This blog started out as one of those interesting Twitter discussions that really needed a bit more space to explain properly. The basic question was relatively simple:
What’s the best way of packing vertex data, interleaved or deinterleaved?
The best answer will depend on the specific GPU you are targeting, but for mobile GPUs the best answer is somewhere between these two extremes. Let’s explore why …
Most mobile GPUs are tile-based and do an early primitive binning pass to determine which primitives contribute to which tiles. Binning only needs primitive position, so it is a common optimization for an implementation to split the vertex shader into two pieces. The first only computes the clip-space position, the second computes everything else. Importantly, the second part of the vertex shader only needs to run for visible vertices that survive culling.

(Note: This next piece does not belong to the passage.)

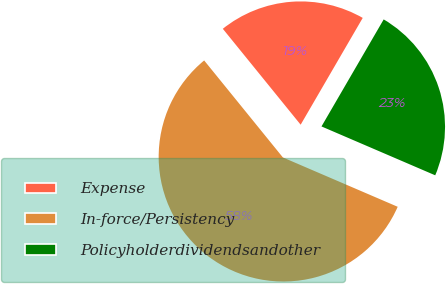Convert chart. <chart><loc_0><loc_0><loc_500><loc_500><pie_chart><fcel>Expense<fcel>In-force/Persistency<fcel>Policyholderdividendsandother<nl><fcel>19.23%<fcel>57.69%<fcel>23.08%<nl></chart> 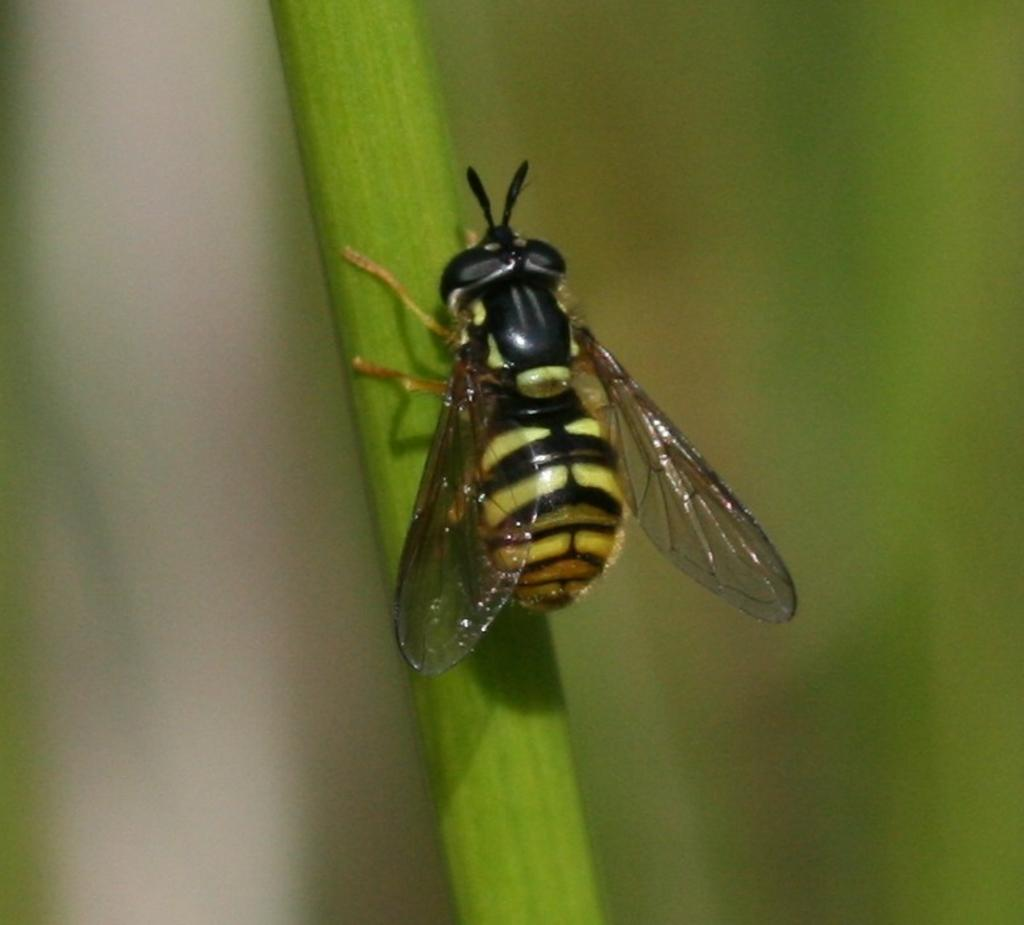What type of creature is in the image? There is an insect in the image. What color is the insect? The insect is black in color. What is the insect sitting on in the image? The insect is on a green color strip. How would you describe the background of the image? The background of the image is green and blurred. How does the insect try to use the glue in the image? There is no glue present in the image, and therefore the insect cannot attempt to use it.

If an application uses fully interleaved attributes, the position input data and the non-position data will share the same cache line. Fetching position during the first shading phase will also fetch everything else from DRAM, even if ultimately the non-position data is never used because the primitive is culled. This is bad for energy efficiency and performance.
To get any bandwidth saving from this shader splitting it is therefore necessary to separate out the position related attributes into one stream, and the non-position attributes into another. Given that accessing main memory is one of the most expensive things that a mobile device can do, this is a really important optimization for applications to make.
The other advantage of this scheme is that many uses of models only need position - for example, generating depth shadow maps - so this splitting gives you optimal mesh bandwidth for these secondary uses of the mesh too.
If fully interleaved is bad, the obvious next alternative to consider is a fully deinterleaved stream. This is probably better in practice than a fully interleaved stream, especially when considering the binning pass, but it hides another problem caused by cross-vertex cache line sharing.
Typically we expect around half of all vertices to be contributing to culled primitives (the model back face), so each vertex stream will contain a mixture of visible and culled vertices. The culled regions will be scattered throughout the input stream whenever we cross the visibility penumbra of the model, e.g. the point at which primitives flip from front-facing to back-facing or start being out-of-frustum.
Single attributes are smaller than a cache line, so whenever we have a portion of the stream where we mix visible/culled vertices we will fetch a cache line that contains data for some non-visible vertices. If we assume a statistically random distribution, each silhouette crossing will cost us half a cache line per non-position data stream in wasted memory fetch.
For interleaved streams we only have a single stream, so we waste half a cache line per crossing.
For fully deinterleaved streams we have one stream per attribute, so we waste half a cache line per non-position attribute per crossing. This style of streams wastes considerably more bandwidth along the visibility silhouette than an interleaved stream.
The most bandwidth-optimal approach for vertex streams on tile-based GPUs is to pack two interleaved streams. The first stream should contain all inputs that contribute to position calculation, interleaved together. The second stream should contain all of the other attributes, interleaved together.
The second stream will only be fetched for visible vertices which is only half the time in the best case (facing test), and often far less than this (large batches that end up only partially on-screen). This is a considerable memory bandwidth saving over fully interleaved, and more efficient than fully deinterleaved.
EDIT I should mention it’s best to pack both streams in to the same buffer; this reduces the number of buffer descriptors the hardware has to worry about.